App-Charts: Chinesische Notfall-App Sileme erobert die App-Store-Charts

Die Are-You-Dead?-App (international: Demumu) hat sich im Januar 2026 an die Spitze der internationalen App-Store-Charts gesetzt, berichtet Gizmodo(öffnet im neuen Fenster) . In China belegt die Anwendung unter dem Namen Sileme (死了么) derzeit den ersten Platz der meistgeladenen bezahlten Apps im Apple App Store.
Auch international verzeichnet das Projekt des Entwicklerteams Moonscape Technologies aus Zhengzhou (Provinz Henan) enorme Erfolge: In den USA kletterte die App in die Top 2 der bezahlten Anwendungen, während sie in Singapur und Hongkong ebenfalls Spitzenplätze belegt. In Australien und Spanien rangiert sie unter den Top 4 der Kategorie Utility. Der Name Sileme ist ein phonetisches Wortspiel: Er klingt wie der chinesische Lieferdienstriese Ele.me (Bist du hungrig?), bedeutet jedoch übersetzt: Bist du gestorben?

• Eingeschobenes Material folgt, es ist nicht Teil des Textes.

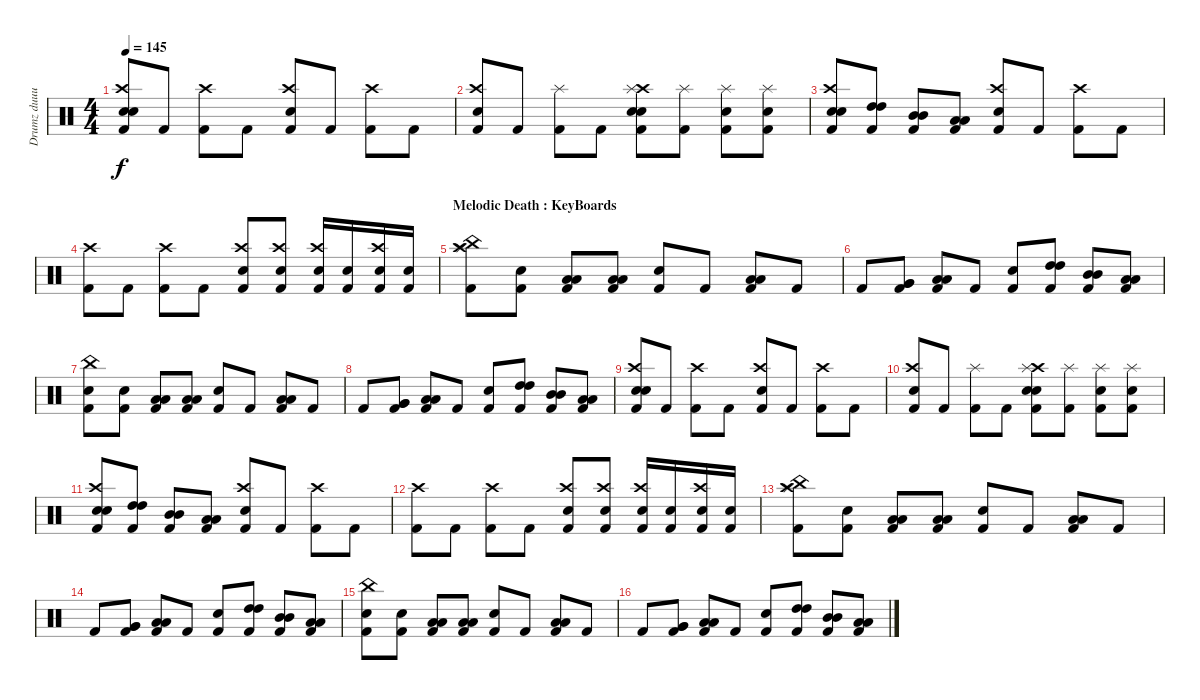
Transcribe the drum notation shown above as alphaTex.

\track ("Drumz duuuuude" "Drumz duuu") {instrument percussion}
\staff {score}
\articulation defaults
\ts (4 4)
\tempo 145
\clef neutral
\ks c
("Kick (hit) 2" "Crash high (hit)" "Snare (hit) 2" "Electric Snare (hit)").8{dy f} "Kick (hit) 2".8 ("Kick (hit) 2" "Crash high (hit)").8 "Kick (hit) 2".8 ("Kick (hit) 2" "Crash high (hit)" "Electric Snare (hit)").8 "Kick (hit) 2".8 ("Kick (hit) 2" "Crash high (hit)").8 "Kick (hit) 2".8 |
("Crash high (hit)" "Kick (hit) 2" "Electric Snare (hit)").8 "Kick (hit) 2".8 ("Kick (hit) 2" "Splash (hit)").8 "Kick (hit) 2".8 ("Crash high (hit)" "Kick (hit) 2" "Splash (hit)" "Snare (hit) 2" "Electric Snare (hit)").8 ("Kick (hit) 2" "Splash (hit)").8 ("Kick (hit) 2" "Splash (hit)" "Electric Snare (hit)").8 ("Kick (hit) 2" "Splash (hit)" "Electric Snare (hit)").8 |
("Kick (hit) 2" "Crash high (hit)" "Snare (hit) 2" "Electric Snare (hit)").8 ("Kick (hit) 2" "High Tom (hit)" "High Tom (hit)").8 ("Kick (hit) 2" "Mid Tom (hit)" "Mid Tom (hit)").8 ("Kick (hit) 2" "Low Tom (hit)" "Low Tom (hit)").8 ("Kick (hit) 2" "Crash high (hit)" "Electric Snare (hit)").8 "Kick (hit) 2".8 ("Kick (hit) 2" "Crash high (hit)").8 "Kick (hit) 2".8 |
("Crash high (hit)" "Kick (hit) 2").8 "Kick (hit) 2".8 ("Crash high (hit)" "Kick (hit) 2").8 "Kick (hit) 2".8 ("Crash high (hit)" "Kick (hit) 2" "Snare (hit) 2").8 ("Crash high (hit)" "Kick (hit) 2" "Electric Snare (hit)").8 ("Crash high (hit)" "Kick (hit) 2" "Electric Snare (hit)").16 ("Kick (hit) 2" "Electric Snare (hit)").16 ("Crash high (hit)" "Kick (hit) 2" "Electric Snare (hit)").16 ("Kick (hit) 2" "Electric Snare (hit)").16 |
\section ("" "Melodic Death : KeyBoards")
("China (hit)" "Kick (hit) 2" "Splash (hit)" "Crash high (hit)").8 ("Kick (hit) 2" "Electric Snare (hit)").8 ("Kick (hit) 2" "Low Tom (hit)" "Low Tom (hit)").8 ("Kick (hit) 2" "Low Tom (hit)" "Low Tom (hit)").8 ("Kick (hit) 2" "Snare (hit) 2").8 "Kick (hit) 2".8 ("Kick (hit) 2" "Low Tom (hit)" "Low Tom (hit)").8 "Kick (hit) 2".8 |
"Kick (hit) 2".8 ("Kick (hit) 2" "Very Low Tom (hit)" "Very Low Tom (hit)").8 ("Kick (hit) 2" "Low Floor Tom (hit)" "Low Floor Tom (hit)").8 "Kick (hit) 2".8 ("Kick (hit) 2" "Snare (hit) 2").8 ("Kick (hit) 2" "High Tom (hit)" "High Tom (hit)").8 ("Kick (hit) 2" "Mid Tom (hit)" "Mid Tom (hit)").8 ("Kick (hit) 2" "Low Tom (hit)" "Low Tom (hit)").8 |
("China (hit)" "Kick (hit) 2" "Electric Snare (hit)").8 ("Kick (hit) 2" "Electric Snare (hit)").8 ("Kick (hit) 2" "Low Tom (hit)" "Low Tom (hit)").8 ("Kick (hit) 2" "Low Tom (hit)" "Low Tom (hit)").8 ("Kick (hit) 2" "Snare (hit) 2").8 "Kick (hit) 2".8 ("Kick (hit) 2" "Low Tom (hit)" "Low Tom (hit)").8 "Kick (hit) 2".8 |
"Kick (hit) 2".8 ("Kick (hit) 2" "Very Low Tom (hit)" "Very Low Tom (hit)").8 ("Kick (hit) 2" "Low Floor Tom (hit)" "Low Floor Tom (hit)").8 "Kick (hit) 2".8 ("Kick (hit) 2" "Snare (hit) 2").8 ("Kick (hit) 2" "High Tom (hit)" "High Tom (hit)").8 ("Kick (hit) 2" "Mid Tom (hit)" "Mid Tom (hit)").8 ("Kick (hit) 2" "Low Tom (hit)" "Low Tom (hit)").8 |
("Kick (hit) 2" "Crash high (hit)" "Snare (hit) 2" "Electric Snare (hit)").8 "Kick (hit) 2".8 ("Kick (hit) 2" "Crash high (hit)").8 "Kick (hit) 2".8 ("Kick (hit) 2" "Crash high (hit)" "Electric Snare (hit)").8 "Kick (hit) 2".8 ("Kick (hit) 2" "Crash high (hit)").8 "Kick (hit) 2".8 |
("Crash high (hit)" "Kick (hit) 2" "Electric Snare (hit)").8 "Kick (hit) 2".8 ("Kick (hit) 2" "Splash (hit)").8 "Kick (hit) 2".8 ("Crash high (hit)" "Kick (hit) 2" "Splash (hit)" "Snare (hit) 2" "Electric Snare (hit)").8 ("Kick (hit) 2" "Splash (hit)").8 ("Kick (hit) 2" "Splash (hit)" "Electric Snare (hit)").8 ("Kick (hit) 2" "Splash (hit)" "Electric Snare (hit)").8 |
("Kick (hit) 2" "Crash high (hit)" "Snare (hit) 2" "Electric Snare (hit)").8 ("Kick (hit) 2" "High Tom (hit)" "High Tom (hit)").8 ("Kick (hit) 2" "Mid Tom (hit)" "Mid Tom (hit)").8 ("Kick (hit) 2" "Low Tom (hit)" "Low Tom (hit)").8 ("Kick (hit) 2" "Crash high (hit)" "Electric Snare (hit)").8 "Kick (hit) 2".8 ("Kick (hit) 2" "Crash high (hit)").8 "Kick (hit) 2".8 |
("Crash high (hit)" "Kick (hit) 2").8 "Kick (hit) 2".8 ("Crash high (hit)" "Kick (hit) 2").8 "Kick (hit) 2".8 ("Crash high (hit)" "Kick (hit) 2" "Snare (hit) 2").8 ("Crash high (hit)" "Kick (hit) 2" "Electric Snare (hit)").8 ("Crash high (hit)" "Kick (hit) 2" "Electric Snare (hit)").16 ("Kick (hit) 2" "Electric Snare (hit)").16 ("Crash high (hit)" "Kick (hit) 2" "Electric Snare (hit)").16 ("Kick (hit) 2" "Electric Snare (hit)").16 |
("China (hit)" "Kick (hit) 2" "Splash (hit)" "Crash high (hit)").8 ("Kick (hit) 2" "Electric Snare (hit)").8 ("Kick (hit) 2" "Low Tom (hit)" "Low Tom (hit)").8 ("Kick (hit) 2" "Low Tom (hit)" "Low Tom (hit)").8 ("Kick (hit) 2" "Snare (hit) 2").8 "Kick (hit) 2".8 ("Kick (hit) 2" "Low Tom (hit)" "Low Tom (hit)").8 "Kick (hit) 2".8 |
"Kick (hit) 2".8 ("Kick (hit) 2" "Very Low Tom (hit)" "Very Low Tom (hit)").8 ("Kick (hit) 2" "Low Floor Tom (hit)" "Low Floor Tom (hit)").8 "Kick (hit) 2".8 ("Kick (hit) 2" "Snare (hit) 2").8 ("Kick (hit) 2" "High Tom (hit)" "High Tom (hit)").8 ("Kick (hit) 2" "Mid Tom (hit)" "Mid Tom (hit)").8 ("Kick (hit) 2" "Low Tom (hit)" "Low Tom (hit)").8 |
("China (hit)" "Kick (hit) 2" "Electric Snare (hit)").8 ("Kick (hit) 2" "Electric Snare (hit)").8 ("Kick (hit) 2" "Low Tom (hit)" "Low Tom (hit)").8 ("Kick (hit) 2" "Low Tom (hit)" "Low Tom (hit)").8 ("Kick (hit) 2" "Snare (hit) 2").8 "Kick (hit) 2".8 ("Kick (hit) 2" "Low Tom (hit)" "Low Tom (hit)").8 "Kick (hit) 2".8 |
"Kick (hit) 2".8 ("Kick (hit) 2" "Very Low Tom (hit)" "Very Low Tom (hit)").8 ("Kick (hit) 2" "Low Floor Tom (hit)" "Low Floor Tom (hit)").8 "Kick (hit) 2".8 ("Kick (hit) 2" "Snare (hit) 2").8 ("Kick (hit) 2" "High Tom (hit)" "High Tom (hit)").8 ("Kick (hit) 2" "Mid Tom (hit)" "Mid Tom (hit)").8 ("Kick (hit) 2" "Low Tom (hit)" "Low Tom (hit)").8

Digitaler Totmannschalter ohne Standort-Tracking
Technisch folgt die Anwendung einem radikal minimalistischen Ansatz und verzichtet konsequent auf Funktionen wie GPS-Ortung oder den Zugriff auf Bewegungssensoren. Der Funktionsumfang beschränkt sich auf einen digitalen Totmannschalter, der in einem festen Intervall von 48 Stunden eine Reaktion des Nutzers einfordert.
Dieser muss lediglich innerhalb des Zeitfensters per Knopfdruck bestätigen, dass er noch aktiv ist. Versäumt ein Anwender diesen Check-in, löst das System automatisch eine Benachrichtigung an vorher definierte Notfallkontakte aus. Derzeit erfolgt dieser Alarm primär via E-Mail. Die Entwickler um Mitgründer Guo kündigten jedoch bereits an, die Benachrichtigungsoptionen zeitnah um eine SMS-Funktion zu erweitern.
Antwort auf soziale Isolation
Das Team von Moonscape Technologies konzipierte die App als Reaktion auf die zunehmende soziale Vereinsamung in urbanen Räumen. Zielgruppe sind vor allem Alleinstehende, die sicherstellen wollen, dass im Falle eines Unfalls oder eines plötzlichen medizinischen Notfalls zeitnah Hilfe verständigt wird. Dass die App nun auch in westlichen Märkten wie den USA hohe Downloadzahlen verzeichnet, wertet die Fachwelt als Zeichen für ein globales Bedürfnis nach unaufdringlichen Sicherheitslösungen.
Der bewusste Verzicht auf Standortdaten hebt Sileme von konkurrierenden Sicherheits-Apps ab, die oft weitreichende Berechtigungen fordern. Die App sammelt lediglich die für den E-Mail-Versand notwendigen Informationen, was dem Wunsch vieler Nutzer nach Datensparsamkeit entgegenkommt. Trotz der simplen Mechanik – oder gerade wegen dieser Reduktion auf das Wesentliche – entwickelt sich die Anwendung zu einem Phänomen, das die Grenzen zwischen nützlichem Werkzeug und morbider Gesellschaftskritik verwischt.